The Financial Times reported on Monday that artificial intelligence startup Anthropic will soon brief the Financial Stability Board. The tech company plans to reveal serious cyber vulnerabilities inside the global financial system. Anthropic discovered these massive security holes using its brand-new artificial intelligence model known as Mythos.
Bank of England Governor Andrew Bailey personally asked for this high-level security briefing. Bailey serves as the chairman of the Financial Stability Board. This powerful global risk watchdog coordinates financial rules and security standards for the massive G20 economies.
During the upcoming meeting, the makers of the popular Claude chatbot will speak directly to top officials from leading finance ministries and central banks. The Anthropic team will explain the exact capabilities of its new Mythos Preview AI model. They want to show global leaders how the software finds hidden digital flaws.
The stakes for this meeting are incredibly high. The global banking sector handles massive amounts of money every single second of the day. Security experts estimate that a coordinated cyberattack on major banks could easily steal well over $1 billion in just a few minutes. If a hacker group manages to cause a system failure affecting even just 1.5% of global digital transactions, it would cause immediate panic in the stock market and freeze consumer accounts worldwide.
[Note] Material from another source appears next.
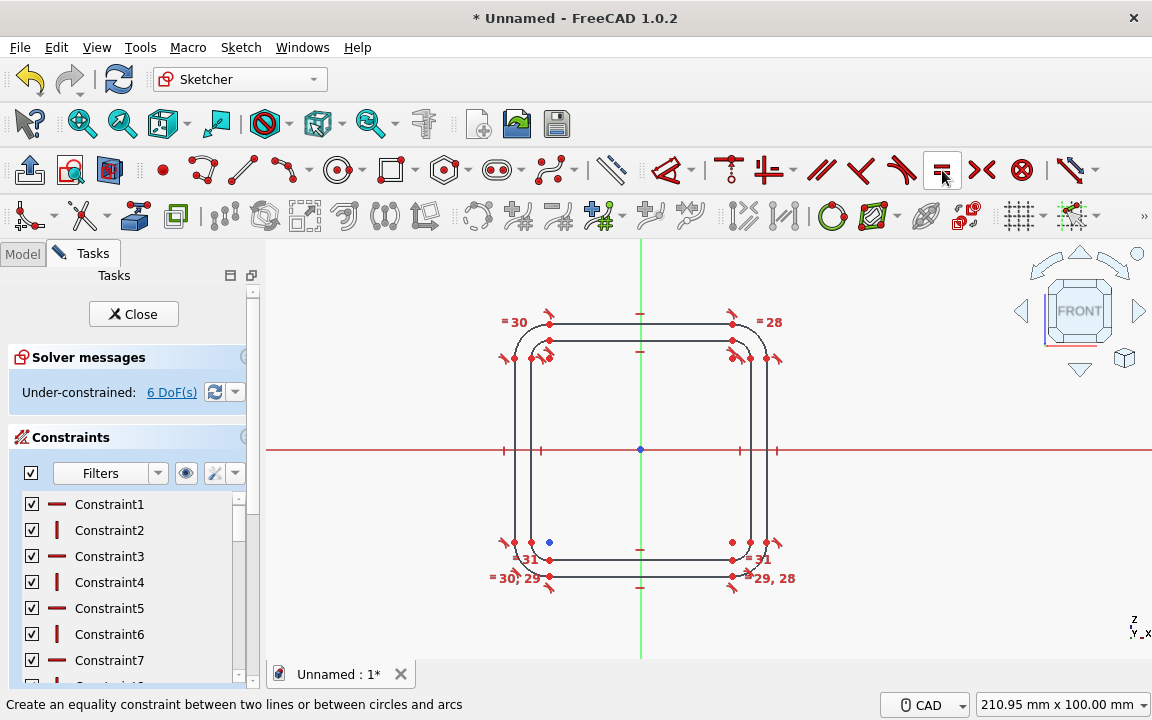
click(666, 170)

Anthropic announced the Mythos project last month but keeps the software locked away from the public for now. The company designed this unique cybersecurity model to detect decades-old vulnerabilities. The AI digs through old web browsers, core network infrastructure, and outdated software code to find broken digital locks.
Cybersecurity experts immediately raised red flags when Anthropic announced the project. These security professionals warned that hackers could use the system to supercharge highly sophisticated cyberattacks. A tool designed to find weak spots gives criminals a perfect map to break into secure networks.
This creates a terrifying risk for the global banking industry. Many major financial institutions still rely on legacy technology systems built decades ago. Banks find it incredibly difficult and expensive to replace these old computer mainframes. If Mythos exposes hidden bugs in this ancient code, banks might not have the time or ability to fix the holes before hackers strike.
Governor Bailey openly shared his fears about this exact scenario during an event at Columbia University in New York last April. He warned his audience that the new Mythos software could pose unprecedented security risks to the entire cyber world.
Bailey told the crowd that people usually view international conflicts as the biggest challenge to global stability. However, he pointed out that the world recently woke up to find that Anthropic might have found a way to crack the whole cyber risk world wide open.
The central bank leader explained the core of the problem. He questioned how easily this new artificial intelligence product can identify exploitable vulnerabilities in other computer systems. If the AI hands hackers a list of unpatched flaws, the financial sector faces an impossible defense scenario.
Journalists reached out to both Anthropic and the Financial Stability Board on Monday for more details. Neither organization provided an immediate response to confirm the exact date of the upcoming briefing or who exactly will attend the closed-door sessions.
Financial regulators and tech companies now face a difficult balancing act. Artificial intelligence tools like Mythos hold incredible power to help companies fix their networks. However, until banks upgrade their aging computer systems, keeping these powerful AI tools out of the wrong hands remains the top priority for global leaders.